Exercise: Among the lines of the records, find all that carry the word "invented" and copy them.

(Records contained in a dataset)
'''
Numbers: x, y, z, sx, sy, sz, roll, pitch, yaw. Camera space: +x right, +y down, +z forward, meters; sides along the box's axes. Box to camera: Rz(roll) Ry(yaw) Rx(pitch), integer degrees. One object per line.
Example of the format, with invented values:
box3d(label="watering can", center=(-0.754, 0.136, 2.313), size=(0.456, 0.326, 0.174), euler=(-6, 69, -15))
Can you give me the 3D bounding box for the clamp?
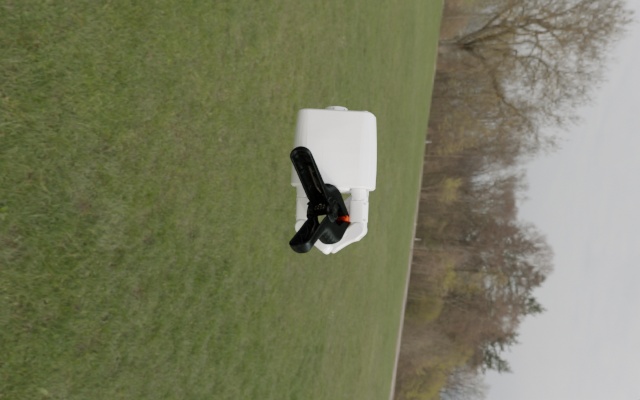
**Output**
box3d(label="clamp", center=(0.001, 0.002, 0.592), size=(0.039, 0.120, 0.171), euler=(2, -3, 17))
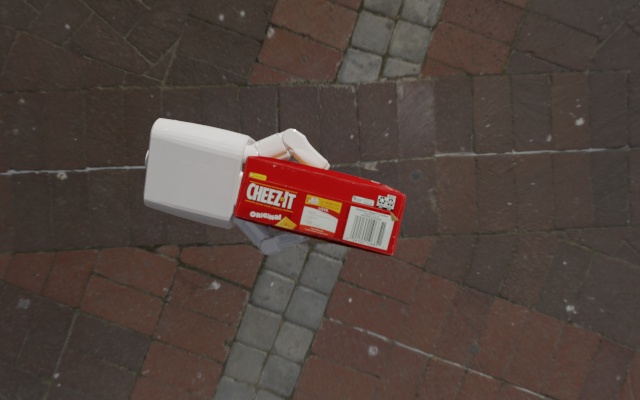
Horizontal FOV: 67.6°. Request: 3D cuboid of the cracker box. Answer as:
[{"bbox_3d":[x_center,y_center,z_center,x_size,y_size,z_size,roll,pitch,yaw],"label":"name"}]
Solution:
[{"bbox_3d":[0.000,0.002,0.567,0.164,0.072,0.213,14,2,0],"label":"cracker box"}]
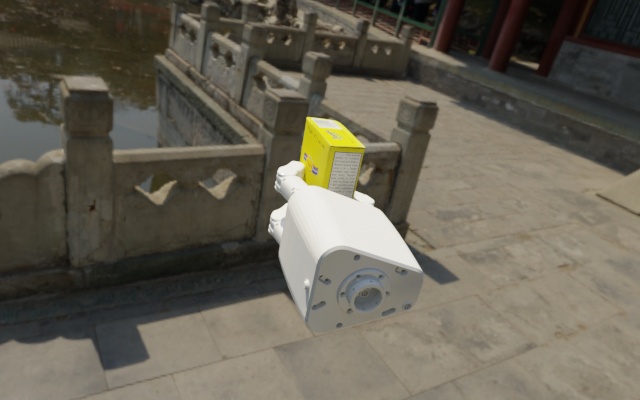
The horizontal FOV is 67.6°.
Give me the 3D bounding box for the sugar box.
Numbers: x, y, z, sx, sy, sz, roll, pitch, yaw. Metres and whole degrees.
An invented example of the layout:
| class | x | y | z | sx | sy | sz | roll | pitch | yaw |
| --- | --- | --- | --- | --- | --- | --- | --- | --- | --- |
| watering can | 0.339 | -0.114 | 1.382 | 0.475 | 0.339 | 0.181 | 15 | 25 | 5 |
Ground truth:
| class | x | y | z | sx | sy | sz | roll | pitch | yaw |
| --- | --- | --- | --- | --- | --- | --- | --- | --- | --- |
| sugar box | 0.000 | 0.002 | 0.557 | 0.048 | 0.176 | 0.093 | 3 | 26 | -20 |
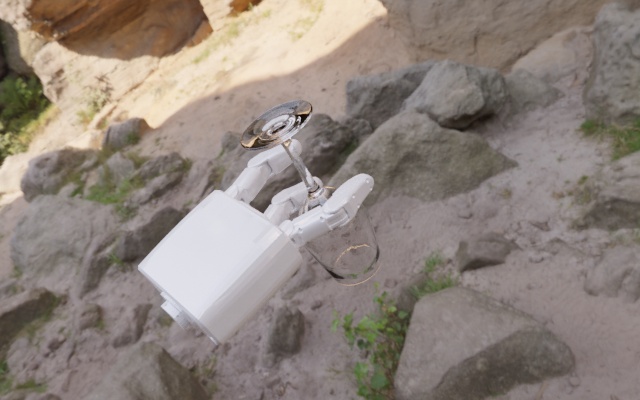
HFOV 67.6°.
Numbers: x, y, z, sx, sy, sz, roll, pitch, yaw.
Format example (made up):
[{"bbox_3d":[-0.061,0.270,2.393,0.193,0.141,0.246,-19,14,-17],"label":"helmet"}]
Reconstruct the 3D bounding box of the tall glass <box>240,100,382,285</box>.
[{"bbox_3d":[0.000,0.001,0.491,0.079,0.201,0.079,-20,35,15],"label":"tall glass"}]
'''
Solved problem:
Example of the format, with invented values:
An invented example of the layout:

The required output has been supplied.